Quick Contact

Join Course

Python for Data Science Training

Python for Data Science

So, you want to become a data scientist or may be you are already one and want to expand your tool repository. You have landed at the right place. The aim of this page is to provide a comprehensive learning path to people new to Python for data science. This path provides a comprehensive overview of steps you need to learn to use Python for data science. If you already have some background, or don’t need all the components, feel free to adapt your own paths and let us know how you made changes in the path.

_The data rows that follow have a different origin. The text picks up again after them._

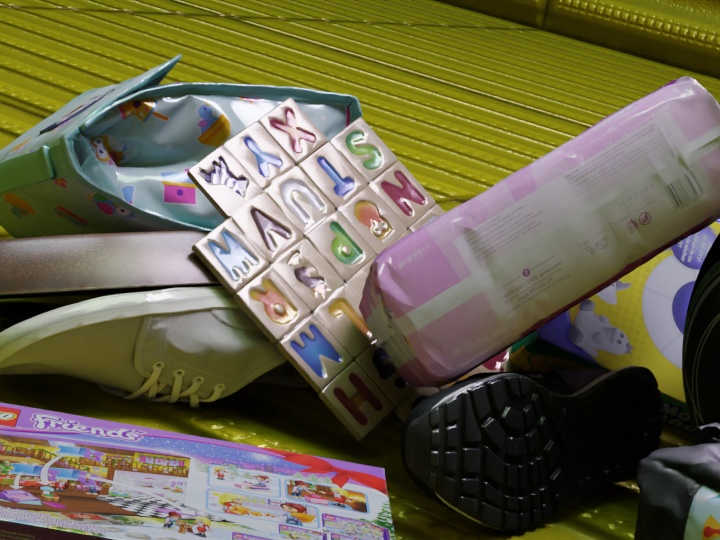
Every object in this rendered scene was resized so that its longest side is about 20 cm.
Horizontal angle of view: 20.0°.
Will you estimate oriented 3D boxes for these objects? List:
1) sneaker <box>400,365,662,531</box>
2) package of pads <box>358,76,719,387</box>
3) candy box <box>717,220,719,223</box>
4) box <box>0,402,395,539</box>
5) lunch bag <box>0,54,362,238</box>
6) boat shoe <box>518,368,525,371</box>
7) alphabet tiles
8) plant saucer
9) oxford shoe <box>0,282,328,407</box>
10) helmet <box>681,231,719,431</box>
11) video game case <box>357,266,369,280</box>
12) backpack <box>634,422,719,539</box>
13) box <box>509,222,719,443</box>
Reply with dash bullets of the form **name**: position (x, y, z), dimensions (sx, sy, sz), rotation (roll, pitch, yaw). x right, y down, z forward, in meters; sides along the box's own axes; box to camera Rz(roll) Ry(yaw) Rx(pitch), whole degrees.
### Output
- **sneaker**: position (0.068, 0.086, 1.037), dimensions (0.087, 0.077, 0.199), rotation (3, 2, 38)
- **package of pads**: position (0.096, -0.016, 1.036), dimensions (0.199, 0.076, 0.121), rotation (-31, -1, -6)
- **candy box**: position (0.244, 0.004, 1.349), dimensions (0.199, 0.078, 0.168), rotation (-14, 18, -39)
- **box**: position (-0.084, 0.106, 0.850), dimensions (0.198, 0.039, 0.137), rotation (10, 14, -5)
- **lunch bag**: position (-0.123, -0.061, 1.259), dimensions (0.198, 0.123, 0.170), rotation (4, -6, -30)
- **boat shoe**: position (0.091, 0.046, 1.194), dimensions (0.198, 0.073, 0.068), rotation (3, 10, 16)
- **alphabet tiles**: position (0.000, 0.000, 1.109), dimensions (0.200, 0.006, 0.166), rotation (49, 43, 2)
- **plant saucer**: position (-0.144, -0.002, 1.126), dimensions (0.198, 0.032, 0.200), rotation (-3, 0, 0)
- **oxford shoe**: position (-0.099, 0.043, 1.063), dimensions (0.199, 0.058, 0.075), rotation (-3, -12, -32)
- **helmet**: position (0.254, 0.043, 1.038), dimensions (0.198, 0.192, 0.201), rotation (9, 42, -8)
- **video game case**: position (-0.023, 0.005, 1.237), dimensions (0.142, 0.018, 0.200), rotation (-13, 5, 22)
- **backpack**: position (0.230, 0.135, 0.818), dimensions (0.162, 0.155, 0.199), rotation (6, -8, -42)
- **box**: position (0.193, 0.035, 1.149), dimensions (0.199, 0.118, 0.048), rotation (24, -25, -10)

This course is intended for learners who have a basic knowledge of programming in any
language (Java, C, C++, Pascal, Fortran, Javascript, PHP, python, etc.). You could have
learned these basic programming skills on your own or taken a course in programming in high school or college.
Your knowledge need not be extensive, but we'll assume you already know how to:
● Create an assign variables.
● Write programs with loops
● Write programs with conditions
● Author and use functions (methods)
If you are unfamiliar with python, we have an entire week (Week 2) dedicated to getting you up to speed with basic programming in python. If you find that Week 2 progresses too quickly and you need more help with basic programming, you may wish to try an introductory programming course in python before starting this course on Python for Data Science.
Course Overview
This course will introduce you to the field of data science and will prepare you for the next three courses in the MicroMasters: Statistics, Machine Learning, and Spark.
First, and foremost, you'll learn how to conduct data science by learning how to analyze data. That includes knowing how to import data, explore it, analyze it, learn from it, visualize it, and ultimately generate easily shareable reports. We'll also introduce you to two powerful areas of data analysis: machine learning and natural language processing.
To conduct data analysis, you'll learn a collection of powerful, open-source, tools including:
● python
● jupyter notebooks
● pandas
● numpy
● matplotlib
● scikit learn
● nltk
● And many other tools
Learning Objectives
● Basic process of data science
● Python and Jupyter notebooks
● An applied understanding of how to manipulate and analyze uncurated datasets
● Basic statistical analysis and machine learning methods
● How to effectively visualize results
By the end of the course, you should be able to find a dataset, formulate a research question, use the tools and techniques of this course to explore the answer to that question, and share your findings.
Course Outline
The course is broken into 10 weeks. The beginning of the course is heavily focused on learning the basic tools of data science, but we firmly believe that you learn the most about data science by doing data science. So the latter half of the course is a combination of working on large projects and introductions to advanced data analysis techniques.
● Week 1 - Introduction : Welcome and overview of the course. Introduction to the data
science process and the value of learning data science.
● Week 2 - Background : In this optional week, we provide a brief background in python
or unix to get you up and running. If you are already familiar with python and/or unix,
feel free to skip this content.
● Week 3 - Jupyter and Numpy : Jupyter notebooks are one of the most commonly used tools in data science as they allow you to combine your research notes with the code for the analysis. After getting started in Jupyter, we'll learn how to use numpy for data analysis. numpy offers many useful functions for processing data as well as data
structures which are time and space efficient.
● Week 4 - Pandas : Pandas, built on top of numpy, adds data frames which offer critical
data analysis functionality and features.
● Week 5 - Visualization : When working with large datasets, you often need to visualize your data to gain a better understanding of it. Also, when you reach conclusions about the data, you'll often wish to use visualizations to present your results.
● Week 6 - Mini Project : With the tools of Jupyter notebooks, numpy, pandas, and
Visualization, you're ready to do sophisticated analysis on your own. You'll pick a
dataset we've worked with already and perform an analysis for this first project.
● Week 7 - Machine Learning : To take your data analysis skills one step further, we'll
introduce you to the basics of machine learning and how to use sci-kit learn - a powerful
library for machine learning.
● Week 8 - Working with Text and Databases : You'll find yourself often working with
text data or data from databases. This week will give you the skills to access that data.
For text data, we'll also give you a preview of how to analyze text data using ideas from
the field of Natural Language Processing and how to apply those ideas using the Natural
Language Processing Toolkit (NLTK) library.
● Week 9 and 10 - Final Project : These weeks let you showcase all your new skills in an end-to-end data analysis project. You'll pick the dataset, do the data munging, ask the
research questions, visualize the data, draw conclusions, and present your results.